Reproducibility, transparency, and accountability depend on knowing the sequence of steps that produced a specific data-driven model, process, or decision. That, in turn, depends on having a trustworthy audit trail of the specific processes used by data science professionals to develop their machine learning, deep learning, predictive analytics, and other deliverables. It also depends on maintaining a rich repository of associated metadata and a log of precisely how particular data, models, metadata, code, and other artifacts executed in the context of a particular process or decision.

None of that is possible if the data scientists who built a machine learning, predictive analytics, or other model failed to document their procedures in precise detail. In those scenarios, where data scientists are in an Agile scramble to rapidly show results, neither they nor anybody else can be confident that what they found can be reproduced at a later date by themselves or anyone else.

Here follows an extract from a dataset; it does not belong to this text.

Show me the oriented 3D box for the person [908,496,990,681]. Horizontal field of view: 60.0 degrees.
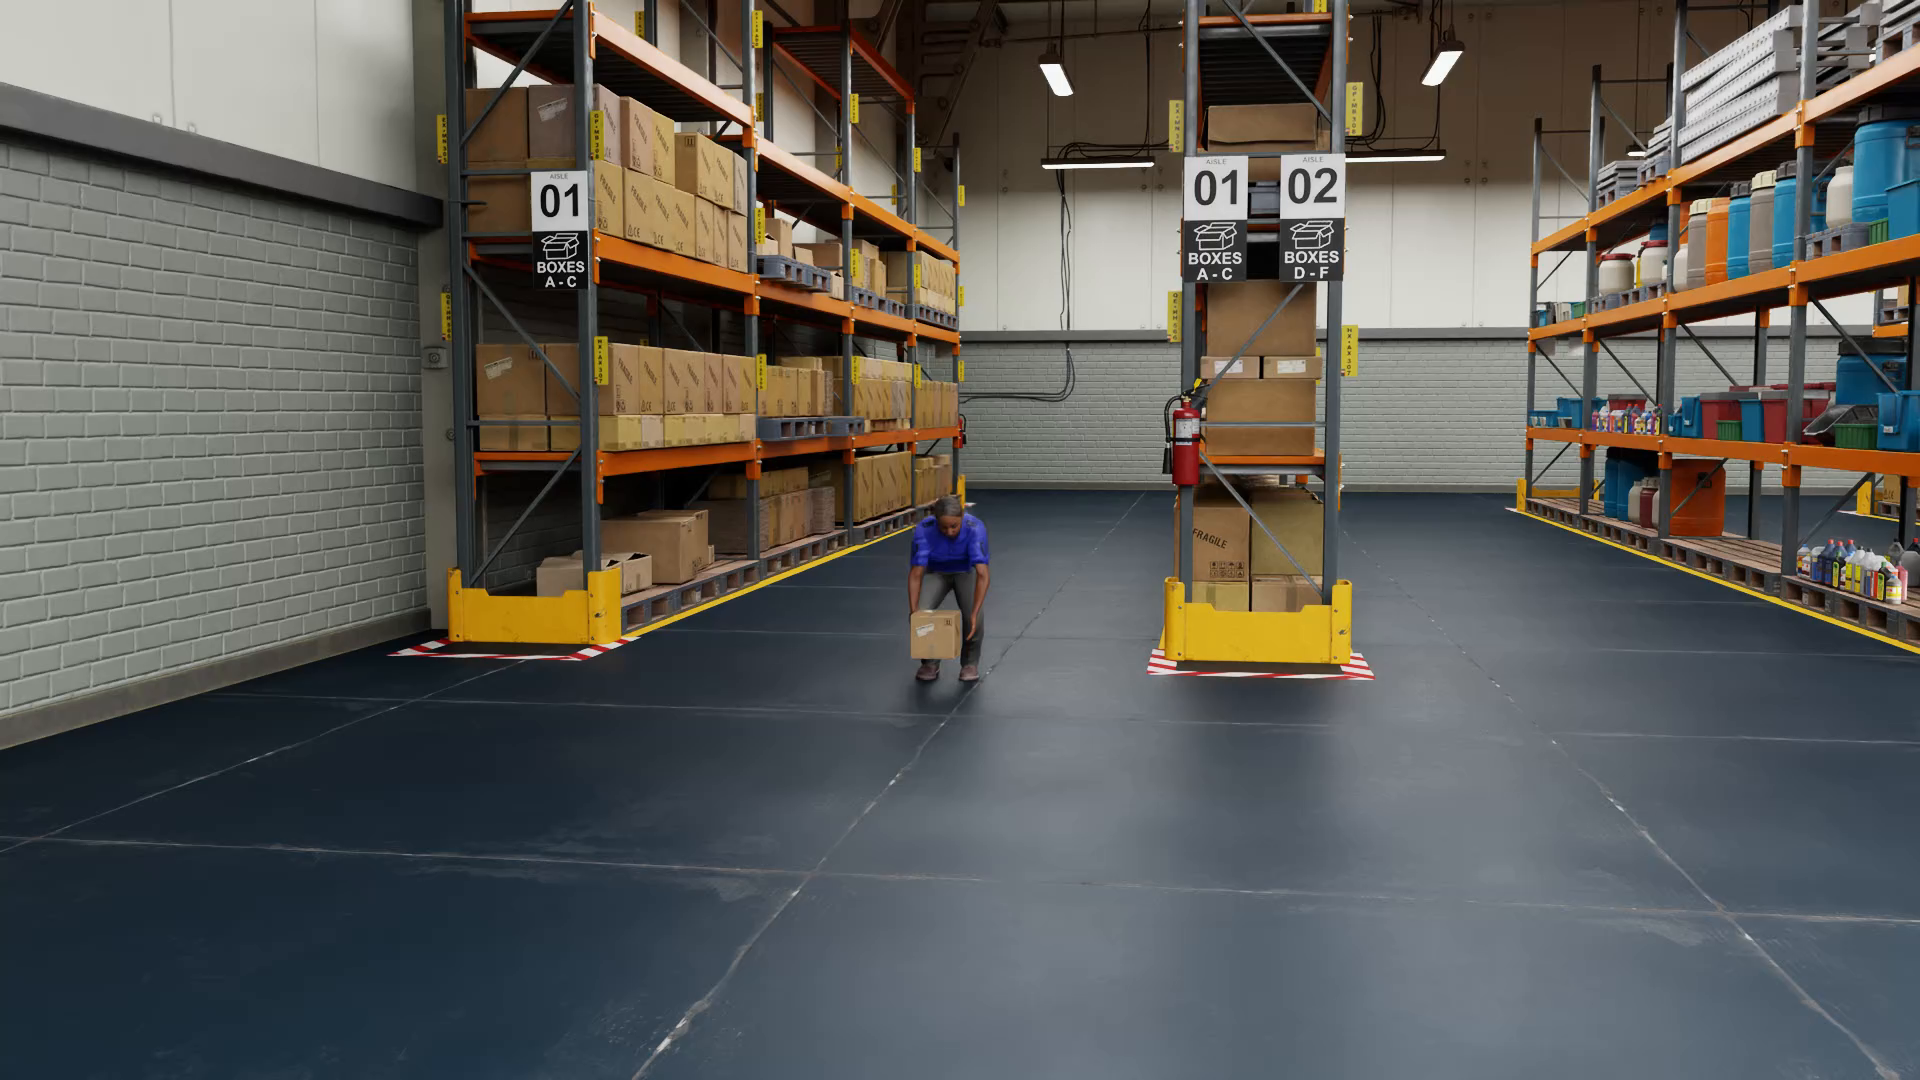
[{"bbox_3d":[-0.047,0.280,9.871,0.498,1.117,0.740,1,5,9],"label":"person"}]

To ensure that reproducibility isn’t undermined by Agile methods, data science teams should perform all their work on shared platforms that automate the following functions and maintain associated metadata and log information:

• Logging of every step in the process of acquiring, manipulating, modeling, and deploying data-driven analytics;

• Versioning of all data, models, and other artifacts at all stages in the development pipeline;

• Retention of archival copies of all data sets, plots, scripts, tools, random seeds, and other artifacts used in every iteration of the modeling process;

• Generation of detailed narratives that spell out how each step contributed to analytical results achieved in every iteration; and

• Accessibility and introspection at the project level by independent parties of every script, run, and result.

One of the Crowdchat participants said that Agile need not be inconsistent with upfront planning and in-project documentation, noting that “if you’re doing it right, Agile makes use of foundational aspects like User Stories to capture as much as you can up front in the for of a Documented Requirement you can then post launch use to “document” the thing” Another participant resorts to more of a post-hoc style of Agile documentation, stating “when I need to work fast, I just dump everything into one file/folder and create documentation for the parts that end up being used.”

In data science development teams, reproducibility can be the greatest agility enabler of all. If statistical modelers ensure that their work meets consistent standards of transparency, auditability, and accessibility, they thereby make it easier for others to review, cite, and reuse it in other contexts.

For all these reasons, data scientists should always ensure that agile methods leave a sufficient audit trail for independent verification, even if their peers (or compliance specialists) never choose to take them up on that challenge.

Action Item

To ensure that agile methodologies contribute to the productivity of your data-science development team, you should bring Agile into data science team development processes, deploy Agile-enabling data science development tools and platforms, and ensure that Agile processes don’t compromise data-science reproducibility. However, relying on data-science development platforms to ensure reproducibility is not enough. You must instill a steadfast commitment to reproducibility into the culture and training of all data-science professionals. That’s doubly important in by-the-book Agile culture where many interactions, reviews, collaborations, and checkpoints may be offline in face-to-face co-located teams.